Vacation, vacation, vacation
International travel has doubled in the past 10 years and is forecast to reach nearly 10 million trips a year by 2020 - a growth of four per cent every year over the next decade. But what is also going to change is the way that we travel. "We will move away from looking, observing and sightseeing to really experiencing things - not just visiting archaeological sites, but actually digging there," says the Tourism and Transport Forum's Evan Hall. Holidays in outer space won't be out of the question, either, explains Leon van Schaik, professor of architecture at the Royal Melbourne Institute of Technology.

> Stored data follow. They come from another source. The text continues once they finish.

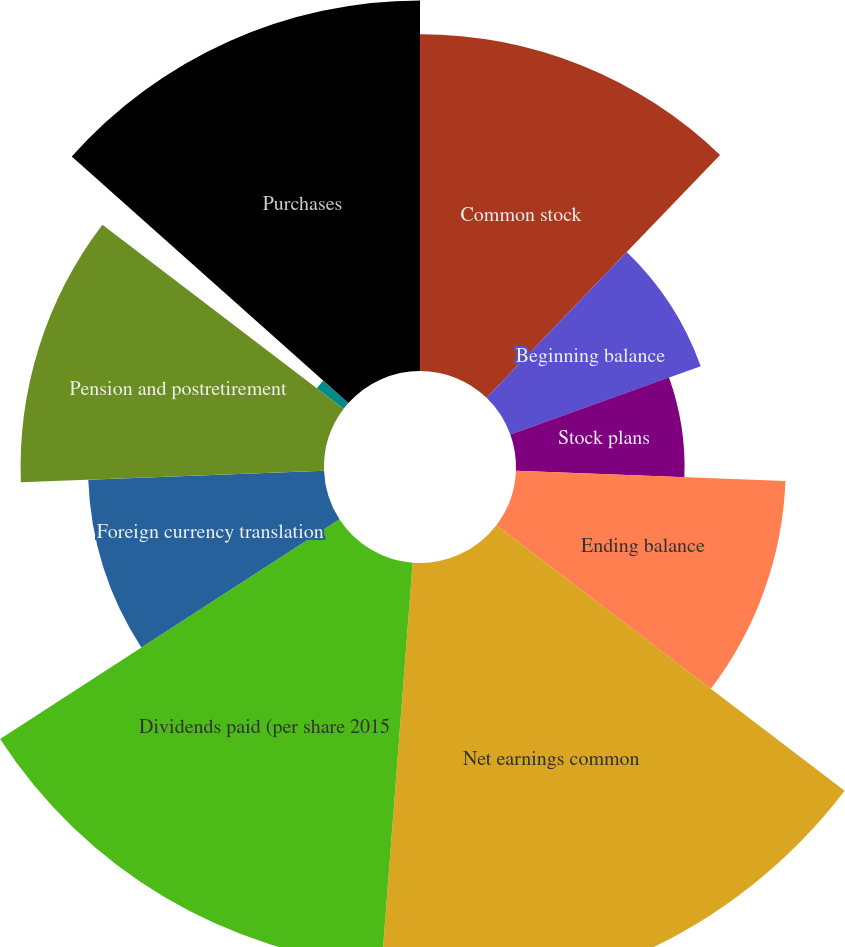<chart> <loc_0><loc_0><loc_500><loc_500><pie_chart><fcel>Common stock<fcel>Beginning balance<fcel>Stock plans<fcel>Ending balance<fcel>Net earnings common<fcel>Dividends paid (per share 2015<fcel>Foreign currency translation<fcel>Pension and postretirement<fcel>Cash flow hedges<fcel>Purchases<nl><fcel>12.19%<fcel>7.32%<fcel>6.1%<fcel>9.76%<fcel>15.85%<fcel>14.63%<fcel>8.54%<fcel>10.98%<fcel>1.22%<fcel>13.41%<nl></chart> 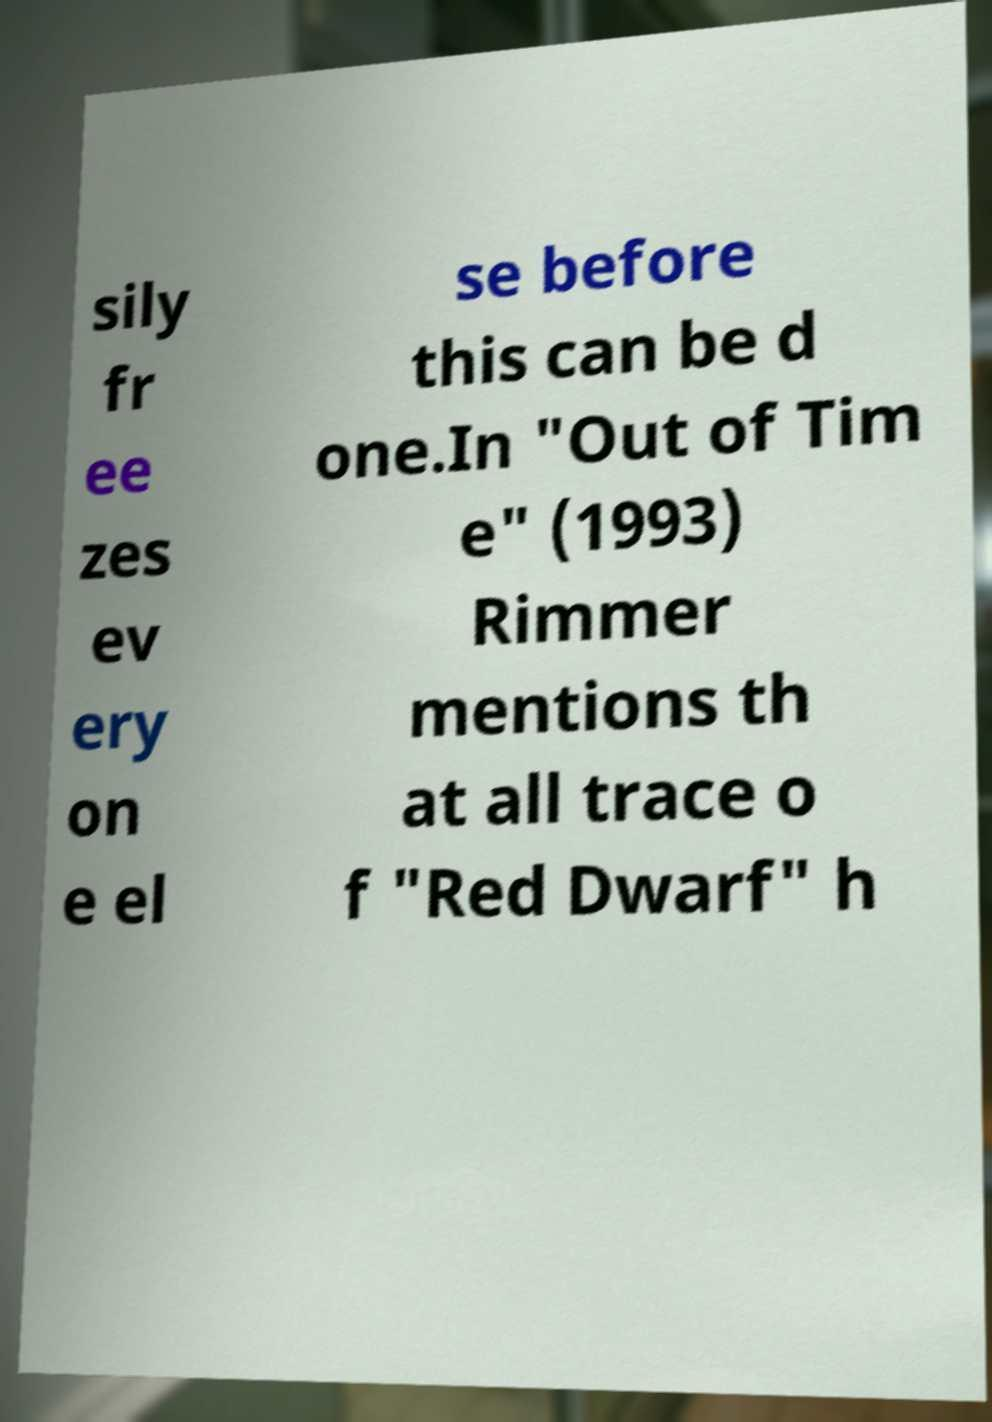Please identify and transcribe the text found in this image. sily fr ee zes ev ery on e el se before this can be d one.In "Out of Tim e" (1993) Rimmer mentions th at all trace o f "Red Dwarf" h 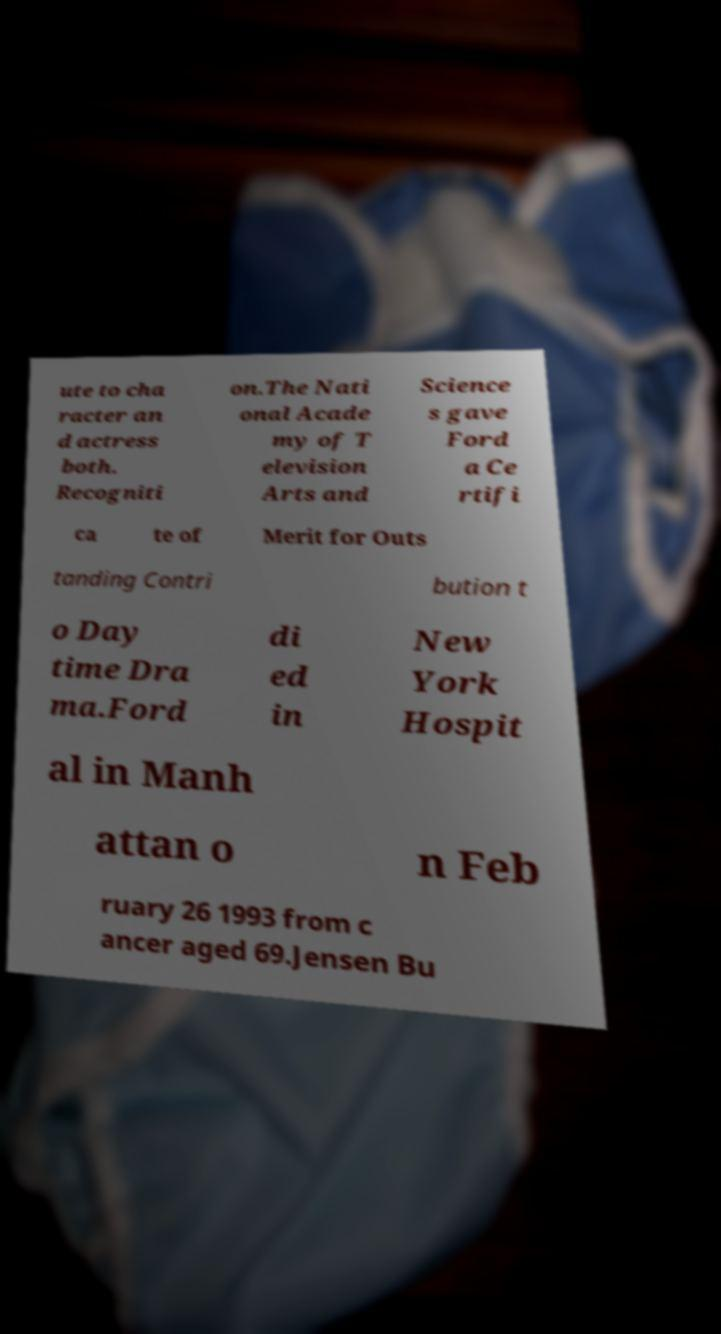I need the written content from this picture converted into text. Can you do that? ute to cha racter an d actress both. Recogniti on.The Nati onal Acade my of T elevision Arts and Science s gave Ford a Ce rtifi ca te of Merit for Outs tanding Contri bution t o Day time Dra ma.Ford di ed in New York Hospit al in Manh attan o n Feb ruary 26 1993 from c ancer aged 69.Jensen Bu 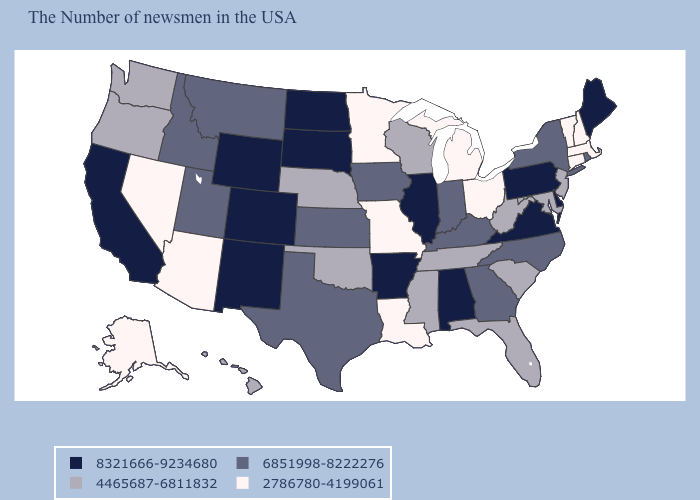Among the states that border Illinois , does Indiana have the highest value?
Keep it brief. Yes. Does North Carolina have the same value as Rhode Island?
Quick response, please. Yes. Name the states that have a value in the range 4465687-6811832?
Keep it brief. New Jersey, Maryland, South Carolina, West Virginia, Florida, Tennessee, Wisconsin, Mississippi, Nebraska, Oklahoma, Washington, Oregon, Hawaii. Name the states that have a value in the range 8321666-9234680?
Keep it brief. Maine, Delaware, Pennsylvania, Virginia, Alabama, Illinois, Arkansas, South Dakota, North Dakota, Wyoming, Colorado, New Mexico, California. Among the states that border Maryland , which have the lowest value?
Write a very short answer. West Virginia. Is the legend a continuous bar?
Write a very short answer. No. Does the map have missing data?
Keep it brief. No. Name the states that have a value in the range 2786780-4199061?
Be succinct. Massachusetts, New Hampshire, Vermont, Connecticut, Ohio, Michigan, Louisiana, Missouri, Minnesota, Arizona, Nevada, Alaska. Name the states that have a value in the range 4465687-6811832?
Keep it brief. New Jersey, Maryland, South Carolina, West Virginia, Florida, Tennessee, Wisconsin, Mississippi, Nebraska, Oklahoma, Washington, Oregon, Hawaii. What is the value of Washington?
Quick response, please. 4465687-6811832. What is the highest value in states that border New Hampshire?
Short answer required. 8321666-9234680. What is the value of Georgia?
Short answer required. 6851998-8222276. Name the states that have a value in the range 2786780-4199061?
Answer briefly. Massachusetts, New Hampshire, Vermont, Connecticut, Ohio, Michigan, Louisiana, Missouri, Minnesota, Arizona, Nevada, Alaska. Among the states that border Georgia , which have the highest value?
Keep it brief. Alabama. What is the value of North Carolina?
Keep it brief. 6851998-8222276. 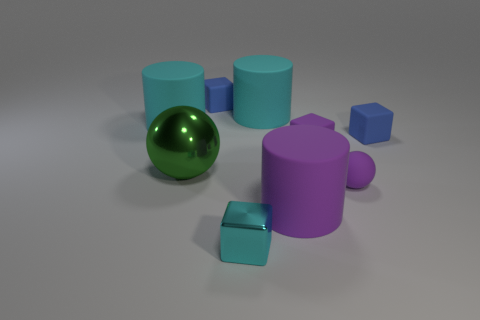What shape is the tiny thing that is left of the big purple cylinder and behind the large green object?
Give a very brief answer. Cube. There is a block that is to the left of the small cyan block; what color is it?
Make the answer very short. Blue. Are there any other things that are the same color as the large metal object?
Ensure brevity in your answer.  No. Do the purple sphere and the green thing have the same size?
Give a very brief answer. No. What is the size of the block that is to the left of the purple sphere and behind the tiny purple rubber block?
Ensure brevity in your answer.  Small. How many other big spheres are the same material as the green ball?
Your answer should be compact. 0. There is a big rubber object that is the same color as the tiny matte sphere; what is its shape?
Keep it short and to the point. Cylinder. The metal sphere has what color?
Provide a short and direct response. Green. There is a cyan matte thing that is on the right side of the tiny metallic thing; is its shape the same as the big green shiny thing?
Make the answer very short. No. What number of things are tiny cubes that are behind the large purple matte object or rubber spheres?
Give a very brief answer. 4. 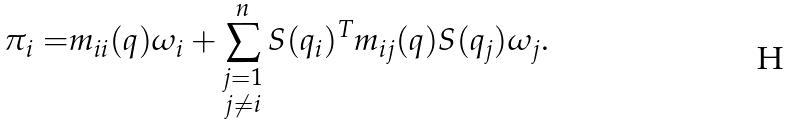Convert formula to latex. <formula><loc_0><loc_0><loc_500><loc_500>\pi _ { i } = & m _ { i i } ( q ) \omega _ { i } + \sum _ { \substack { j = 1 \\ j \neq i } } ^ { n } S ( q _ { i } ) ^ { T } m _ { i j } ( q ) S ( q _ { j } ) \omega _ { j } .</formula> 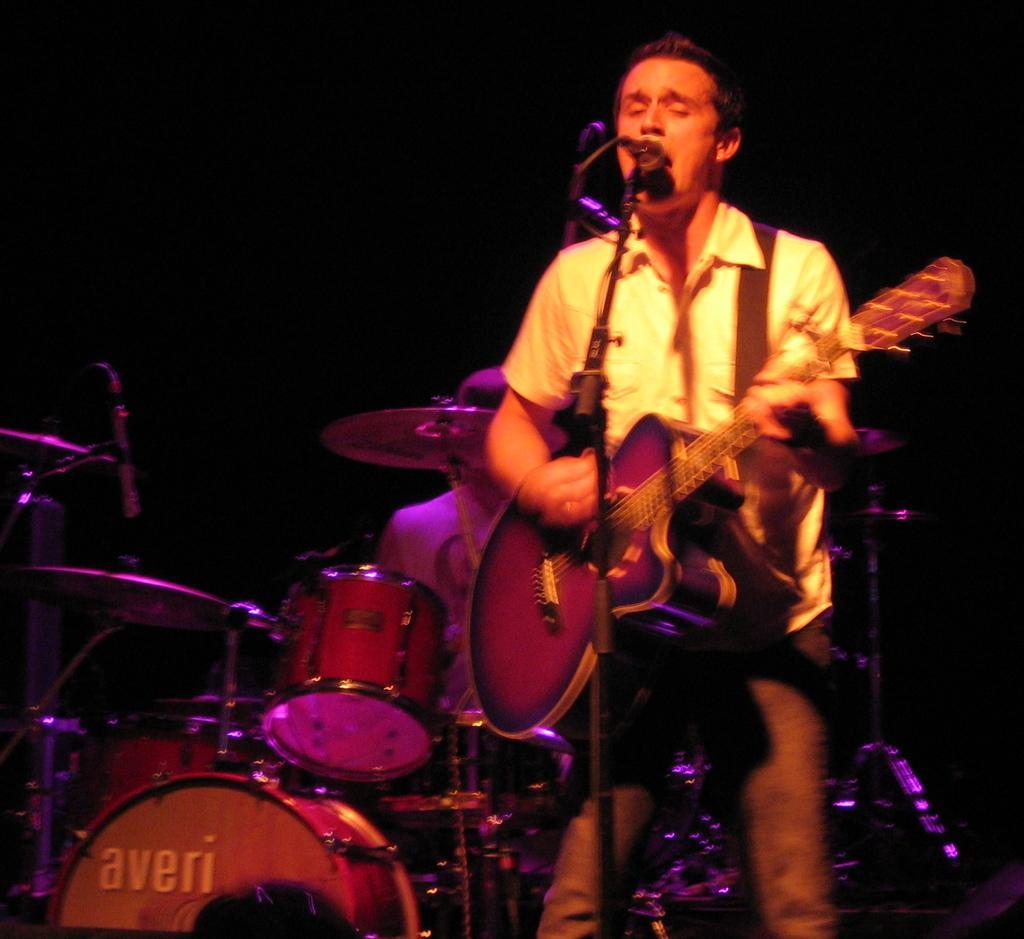Can you describe this image briefly? In this image I see a man who is standing in front of a mic and he is holding a guitar, In the background I see another person who is near to the drums and I can see another mic over here and It is dark in the background. 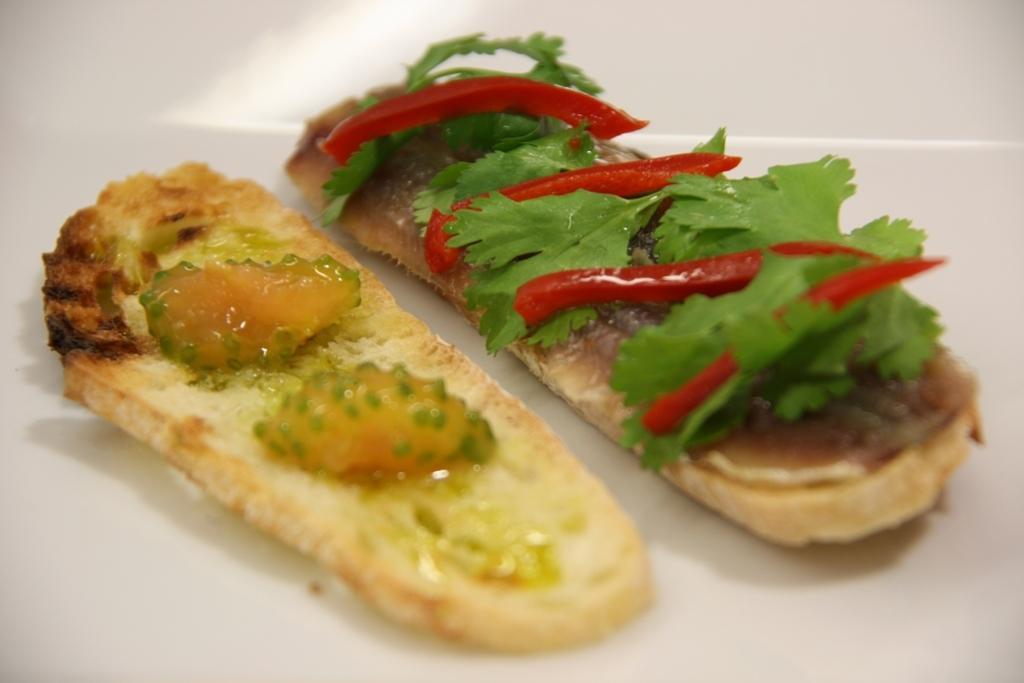Please provide a concise description of this image. In this image we can see a food item, here are the coriander leaves, here are the chillies on it. 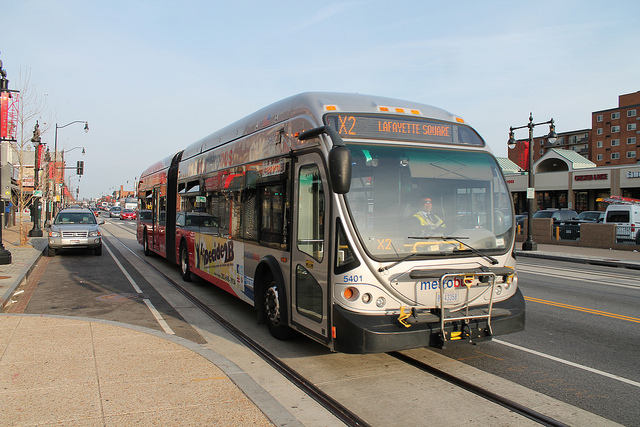How many clouds are in the picture? Upon reviewing the image, it's noticeable that the sky is clear and there are no clouds visible.

The utopian designs of today's architecture graduates are of space stations with lifestyle - not just life-support - aspects to them. "Who'd have thought 10 years ago that there would be more than 10 different companies offering to take you on private space travel?" he says.

Inspecting gadgets
The brand-new MXP4 music format will let us add effects to files, making recordings interactive. "You'll get whatever you want when you want it - at a price,” says Graham Thorburn of the Australian Film, Television and Radio School. "TV, cinema and portable devices will all become part of the same continuum." 3D will be commonplace and TV remotes will be loaded with features for switching between applications. Organic LED will replace the plasma TVs. "These are very thin and they're different to the existing technology because they don't have any backlighting," says Gordon Gay of NEC Australia. "You'll be able to make a whole wall of them, or clad an entire building. They'll enable you to change room colour, and watch TV concurrently with other applications."


Celebrity status
Our celebrity obsession will continue, but with a difference. "A lot more people have the ability to put up videos of themselves on the internet. That will change the types of people who become famous," says Professor Catharine Lumby of UNSW's Journalism and Media Research Centre.

Home, sweet home
Nearly one in three households will be one-person units, while another 30 per cent will have just two people. "It doesn't mean there will be a lot of Australians wanting to live solitary lives, it just means that more people will be undergoing episodes of living solo because of a higher divorce rate," says Mackay. Inner-city density will explode in 2020, with Hong Kong's high-rise model the worst-case scenario. "We have a choice. We could go the Barcelona way," explains Professor van Schaik. It has a higher population density than Hong Kong, yet few of its buildings are taller than 12 storeys. Professor Van Schaik says we'll see growth in "exurbia", with "a lot of rich people living on big blocks in big houses in formerly strictly rural areas".